• [Description of the task] Each line in the records that mentions the word "betreft" needs to be listed.

• [Given entries]
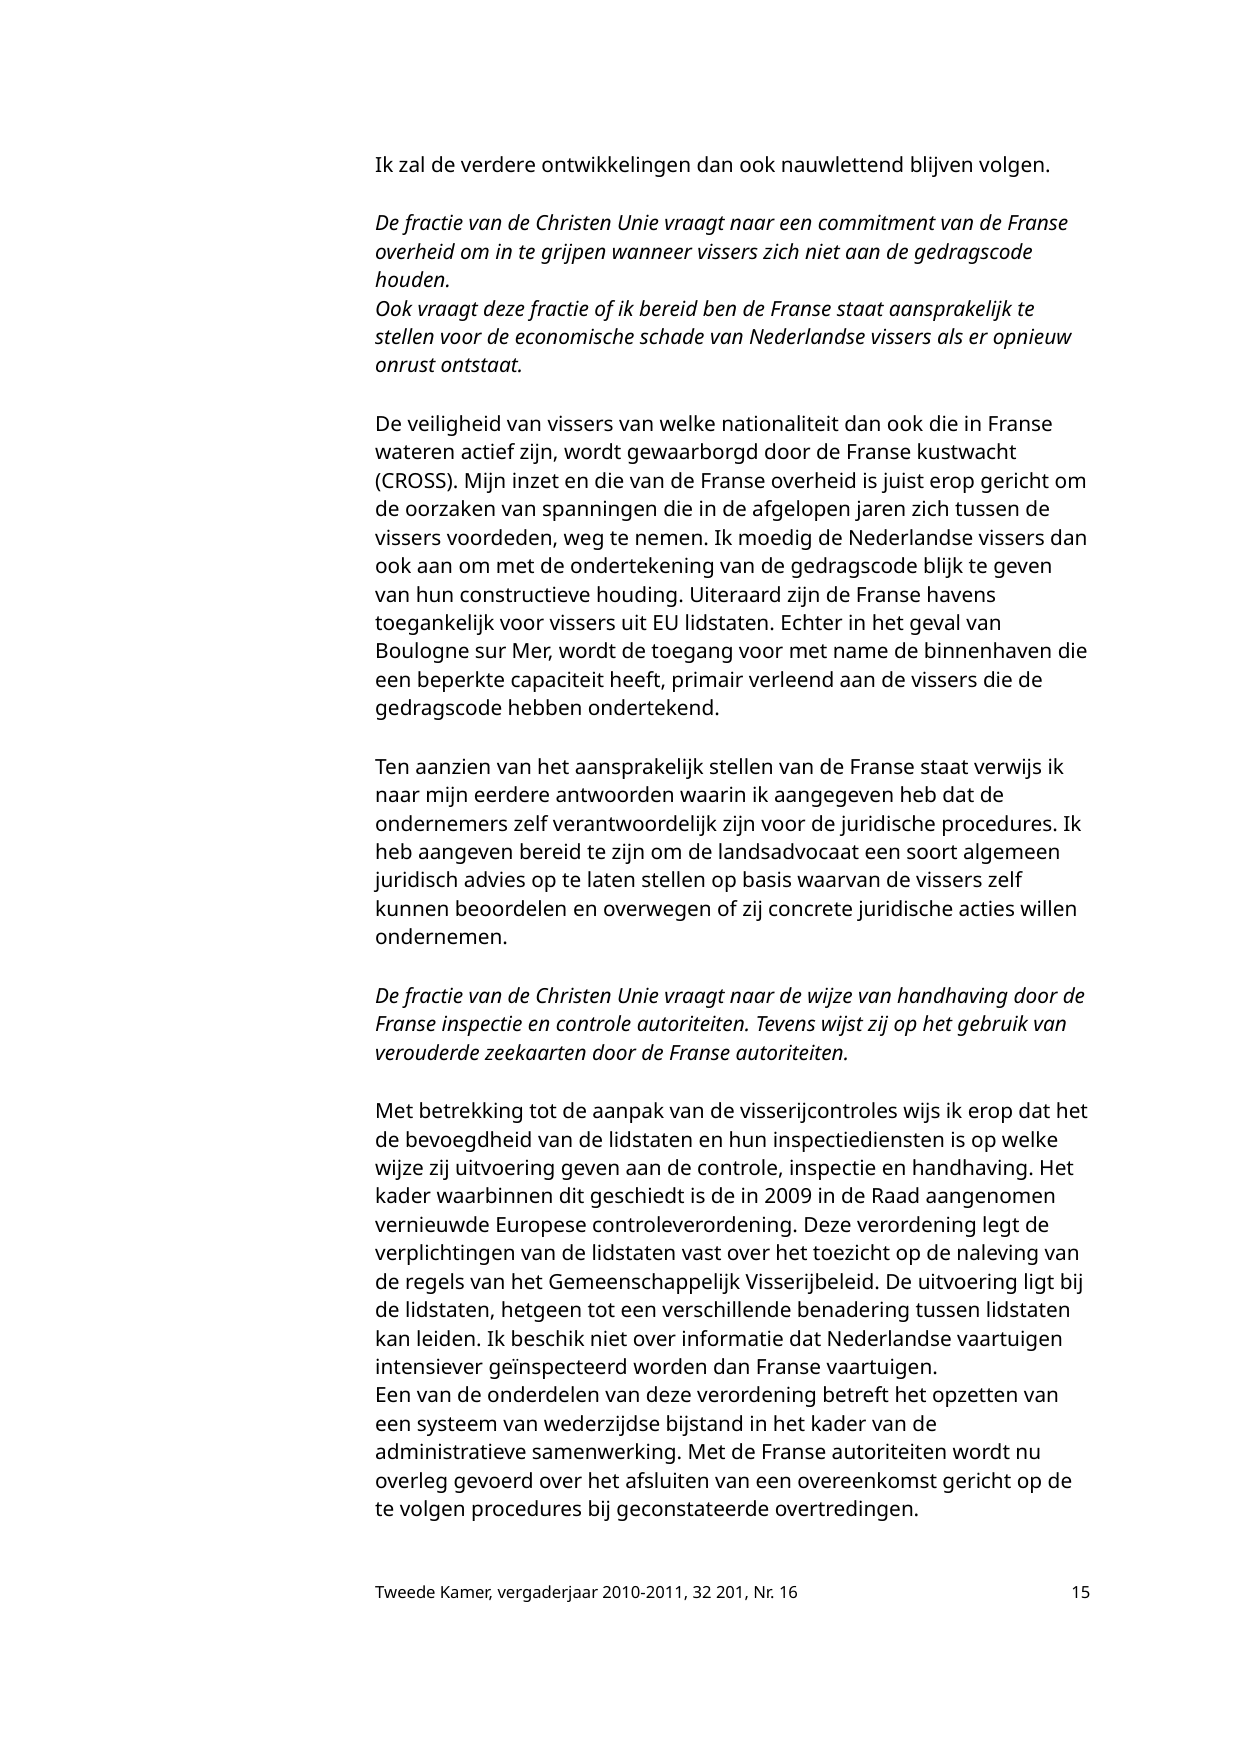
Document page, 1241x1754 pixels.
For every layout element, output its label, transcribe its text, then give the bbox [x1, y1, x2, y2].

text Een van de onderdelen van deze verordening betreft het opzetten van een systeem van wederzijdse bijstand in het kader van de administratieve samenwerking. Met de Franse autoriteiten wordt nu overleg gevoerd over het afsluiten van een overeenkomst gericht op de te volgen procedures bij geconstateerde overtredingen. [375, 1381, 1090, 1523]
text De veiligheid van vissers van welke nationaliteit dan ook die in Franse wateren actief zijn, wordt gewaarborgd door de Franse kustwacht (CROSS). Mijn inzet en die van de Franse overheid is juist erop gericht om de oorzaken van spanningen die in de afgelopen jaren zich tussen de vissers voordeden, weg te nemen. Ik moedig de Nederlandse vissers dan ook aan om met de ondertekening van de gedragscode blijk te geven van hun constructieve houding. Uiteraard zijn de Franse havens toegankelijk voor vissers uit EU lidstaten. Echter in het geval van Boulogne sur Mer, wordt de toegang voor met name de binnenhaven die een beperkte capaciteit heeft, primair verleend aan de vissers die de gedragscode hebben ondertekend. [375, 409, 1090, 722]
text Met betrekking tot de aanpak van de visserijcontroles wijs ik erop dat het de bevoegdheid van de lidstaten en hun inspectiediensten is op welke wijze zij uitvoering geven aan de controle, inspectie en handhaving. Het kader waarbinnen dit geschiedt is de in 2009 in de Raad aangenomen vernieuwde Europese controleverordening. Deze verordening legt de verplichtingen van de lidstaten vast over het toezicht op de naleving van de regels van het Gemeenschappelijk Visserijbeleid. De uitvoering ligt bij de lidstaten, hetgeen tot een verschillende benadering tussen lidstaten kan leiden. Ik beschik niet over informatie dat Nederlandse vaartuigen intensiever geïnspecteerd worden dan Franse vaartuigen. [375, 1096, 1090, 1381]
text De fractie van de Christen Unie vraagt naar de wijze van handhaving door de Franse inspectie en controle autoriteiten. Tevens wijst zij op het gebruik van verouderde zeekaarten door de Franse autoriteiten. [375, 981, 1090, 1066]
text Ten aanzien van het aansprakelijk stellen van de Franse staat verwijs ik naar mijn eerdere antwoorden waarin ik aangegeven heb dat de ondernemers zelf verantwoordelijk zijn voor de juridische procedures. Ik heb aangeven bereid te zijn om de landsadvocaat een soort algemeen juridisch advies op te laten stellen op basis waarvan de vissers zelf kunnen beoordelen en overwegen of zij concrete juridische acties willen ondernemen. [375, 752, 1090, 951]
text De fractie van de Christen Unie vraagt naar een commitment van de Franse overheid om in te grijpen wanneer vissers zich niet aan de gedragscode houden. [375, 208, 1090, 294]
text Ook vraagt deze fractie of ik bereid ben de Franse staat aansprakelijk te stellen voor de economische schade van Nederlandse vissers als er opnieuw onrust ontstaat. [375, 294, 1090, 379]
text Ik zal de verdere ontwikkelingen dan ook nauwlettend blijven volgen. [375, 150, 1090, 178]
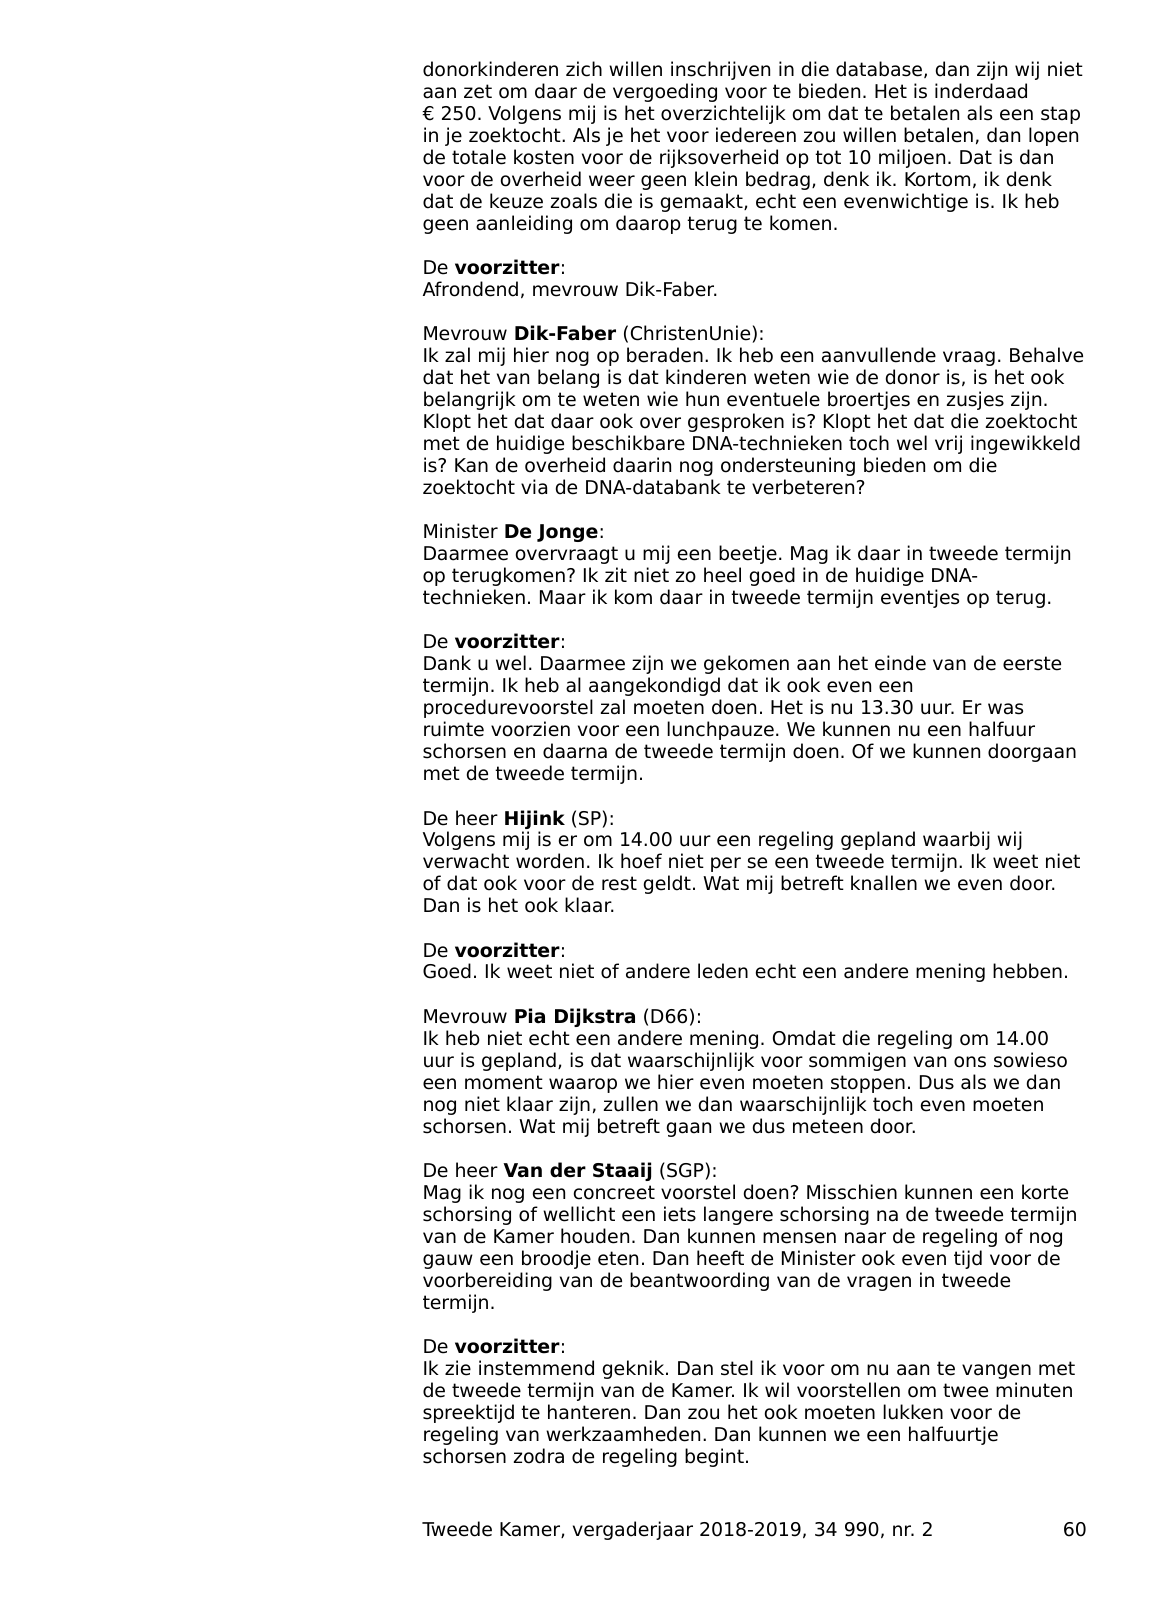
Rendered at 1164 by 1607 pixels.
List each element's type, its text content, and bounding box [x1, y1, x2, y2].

text De heer Hijink (SP): [422, 807, 1087, 829]
text Ik zal mij hier nog op beraden. Ik heb een aanvullende vraag. Behalve dat het van belang is dat kinderen weten wie de donor is, is het ook belangrijk om te weten wie hun eventuele broertjes en zusjes zijn. Klopt het dat daar ook over gesproken is? Klopt het dat die zoektocht met de huidige beschikbare DNA-technieken toch wel vrij ingewikkeld is? Kan de overheid daarin nog ondersteuning bieden om die zoektocht via de DNA-databank te verbeteren? [422, 345, 1087, 499]
text De voorzitter: [422, 939, 1087, 961]
text Minister De Jonge: [422, 521, 1087, 543]
text De heer Van der Staaij (SGP): [422, 1160, 1087, 1182]
text De voorzitter: [422, 257, 1087, 279]
text Mevrouw Dik-Faber (ChristenUnie): [422, 323, 1087, 345]
text De voorzitter: [422, 631, 1087, 653]
text De voorzitter: [422, 1336, 1087, 1358]
text Daarmee overvraagt u mij een beetje. Mag ik daar in tweede termijn op terugkomen? Ik zit niet zo heel goed in de huidige DNA-technieken. Maar ik kom daar in tweede termijn eventjes op terug. [422, 543, 1087, 609]
text Mevrouw Pia Dijkstra (D66): [422, 1006, 1087, 1028]
text Ik heb niet echt een andere mening. Omdat die regeling om 14.00 uur is gepland, is dat waarschijnlijk voor sommigen van ons sowieso een moment waarop we hier even moeten stoppen. Dus als we dan nog niet klaar zijn, zullen we dan waarschijnlijk toch even moeten schorsen. Wat mij betreft gaan we dus meteen door. [422, 1028, 1087, 1137]
text Ik zie instemmend geknik. Dan stel ik voor om nu aan te vangen met de tweede termijn van de Kamer. Ik wil voorstellen om twee minuten spreektijd te hanteren. Dan zou het ook moeten lukken voor de regeling van werkzaamheden. Dan kunnen we een halfuurtje schorsen zodra de regeling begint. [422, 1358, 1087, 1468]
text donorkinderen zich willen inschrijven in die database, dan zijn wij niet aan zet om daar de vergoeding voor te bieden. Het is inderdaad € 250. Volgens mij is het overzichtelijk om dat te betalen als een stap in je zoektocht. Als je het voor iedereen zou willen betalen, dan lopen de totale kosten voor de rijksoverheid op tot 10 miljoen. Dat is dan voor de overheid weer geen klein bedrag, denk ik. Kortom, ik denk dat de keuze zoals die is gemaakt, echt een evenwichtige is. Ik heb geen aanleiding om daarop terug te komen. [422, 59, 1087, 235]
text Goed. Ik weet niet of andere leden echt een andere mening hebben. [422, 961, 1087, 983]
text Afrondend, mevrouw Dik-Faber. [422, 279, 1087, 301]
text Mag ik nog een concreet voorstel doen? Misschien kunnen een korte schorsing of wellicht een iets langere schorsing na de tweede termijn van de Kamer houden. Dan kunnen mensen naar de regeling of nog gauw een broodje eten. Dan heeft de Minister ook even tijd voor de voorbereiding van de beantwoording van de vragen in tweede termijn. [422, 1182, 1087, 1313]
text Volgens mij is er om 14.00 uur een regeling gepland waarbij wij verwacht worden. Ik hoef niet per se een tweede termijn. Ik weet niet of dat ook voor de rest geldt. Wat mij betreft knallen we even door. Dan is het ook klaar. [422, 829, 1087, 917]
text Dank u wel. Daarmee zijn we gekomen aan het einde van de eerste termijn. Ik heb al aangekondigd dat ik ook even een procedurevoorstel zal moeten doen. Het is nu 13.30 uur. Er was ruimte voorzien voor een lunchpauze. We kunnen nu een halfuur schorsen en daarna de tweede termijn doen. Of we kunnen doorgaan met de tweede termijn. [422, 653, 1087, 785]
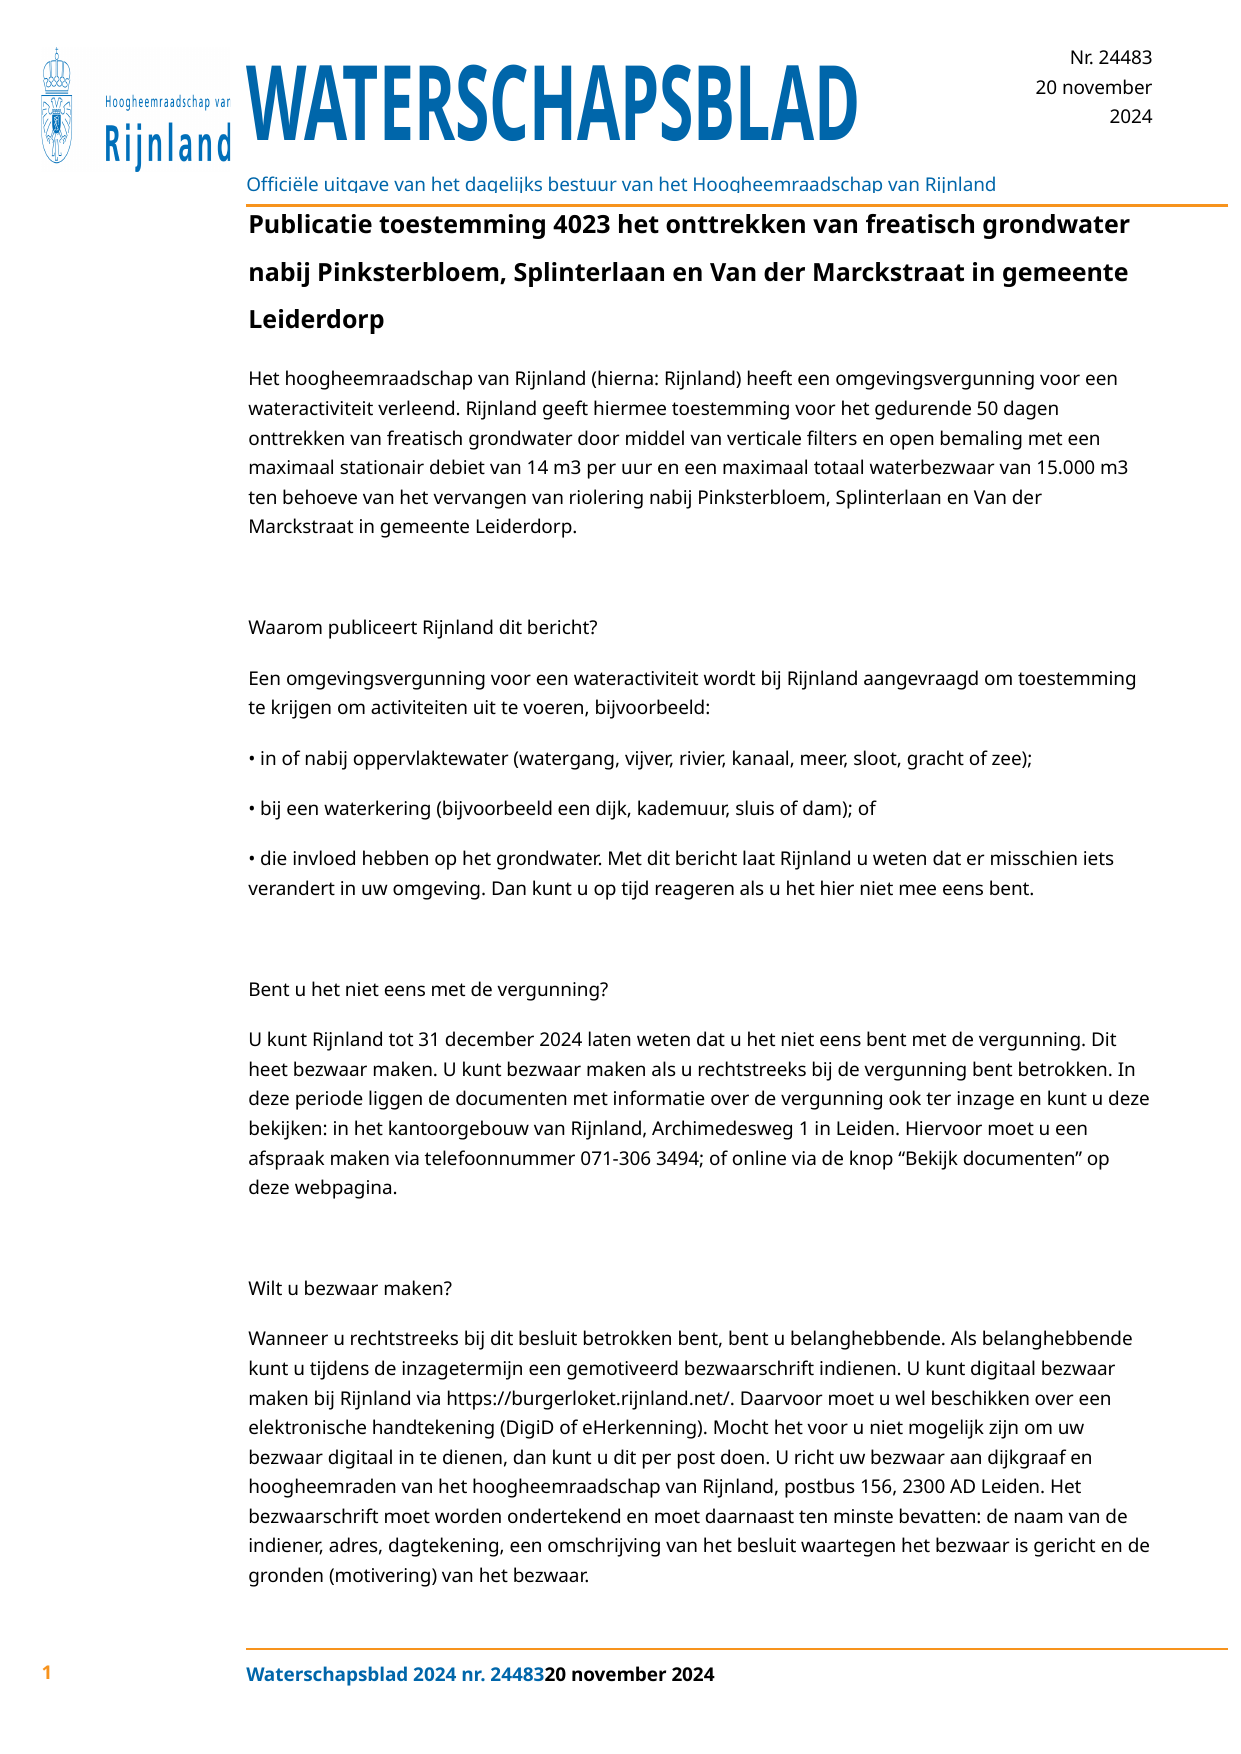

• [Response below]
text Een van de onderdelen van deze verordening betreft het opzetten van een systeem van wederzijdse bijstand in het kader van de administratieve samenwerking. Met de Franse autoriteiten wordt nu overleg gevoerd over het afsluiten van een overeenkomst gericht op de te volgen procedures bij geconstateerde overtredingen. [375, 1381, 1090, 1523]
text Ik heb niet echt een andere mening. Omdat die regeling om 14.00 uur is gepland, is dat waarschijnlijk voor sommigen van ons sowieso een moment waarop we hier even moeten stoppen. Dus als we dan nog niet klaar zijn, zullen we dan waarschijnlijk toch even moeten schorsen. Wat mij betreft gaan we dus meteen door. [422, 1028, 1087, 1137]
text Volgens mij is er om 14.00 uur een regeling gepland waarbij wij verwacht worden. Ik hoef niet per se een tweede termijn. Ik weet niet of dat ook voor de rest geldt. Wat mij betreft knallen we even door. Dan is het ook klaar. [422, 829, 1087, 917]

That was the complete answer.